WORK REQUEST:
What you return should be the complete data below, word for word, with no pictures in it.

(Records contained in a dataset)
+-------+

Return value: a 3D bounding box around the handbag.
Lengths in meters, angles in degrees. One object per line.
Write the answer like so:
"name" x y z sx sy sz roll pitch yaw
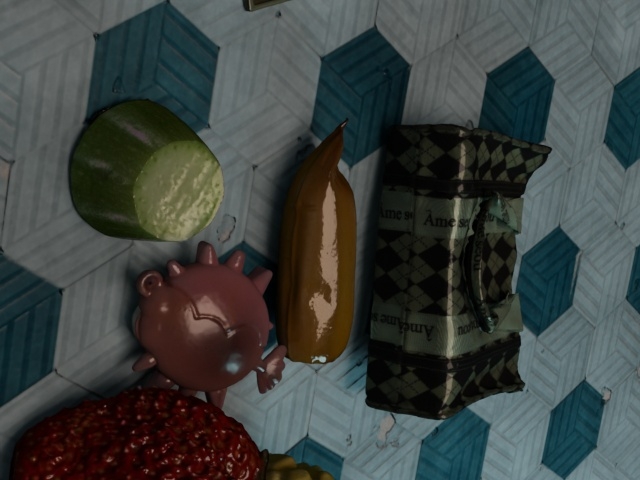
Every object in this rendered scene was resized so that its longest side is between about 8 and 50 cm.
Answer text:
"handbag" 0.219 0.037 1.761 0.316 0.180 0.416 -4 100 -52

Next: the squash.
"squash" -0.193 -0.072 1.360 0.170 0.122 0.170 -13 112 -35

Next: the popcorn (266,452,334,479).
"popcorn" -0.049 0.406 1.525 0.225 0.332 0.265 9 66 -19

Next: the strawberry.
"strawberry" -0.200 0.300 1.372 0.257 0.261 0.261 41 74 -47

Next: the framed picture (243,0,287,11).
"framed picture" -0.047 -0.399 1.468 0.150 0.015 0.203 -26 119 -36

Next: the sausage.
"sausage" -0.002 0.000 1.569 0.112 0.112 0.329 -6 106 -43

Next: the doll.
"doll" -0.135 0.113 1.478 0.262 0.093 0.211 33 85 -40

+-------+

EXERCISE RESULT:
Return value: a 3D bounding box around the handbag.
Lengths in meters, angles in degrees. One object per line.
Write the answer like so:
"name" x y z sx sy sz roll pitch yaw
Every object in this rendered scene was resized so that its longest side is between about 8 and 50 cm.
Answer text:
"handbag" 0.219 0.037 1.761 0.316 0.180 0.416 -4 100 -52

Next: the squash.
"squash" -0.193 -0.072 1.360 0.170 0.122 0.170 -13 112 -35

Next: the popcorn (266,452,334,479).
"popcorn" -0.049 0.406 1.525 0.225 0.332 0.265 9 66 -19

Next: the strawberry.
"strawberry" -0.200 0.300 1.372 0.257 0.261 0.261 41 74 -47

Next: the framed picture (243,0,287,11).
"framed picture" -0.047 -0.399 1.468 0.150 0.015 0.203 -26 119 -36

Next: the sausage.
"sausage" -0.002 0.000 1.569 0.112 0.112 0.329 -6 106 -43

Next: the doll.
"doll" -0.135 0.113 1.478 0.262 0.093 0.211 33 85 -40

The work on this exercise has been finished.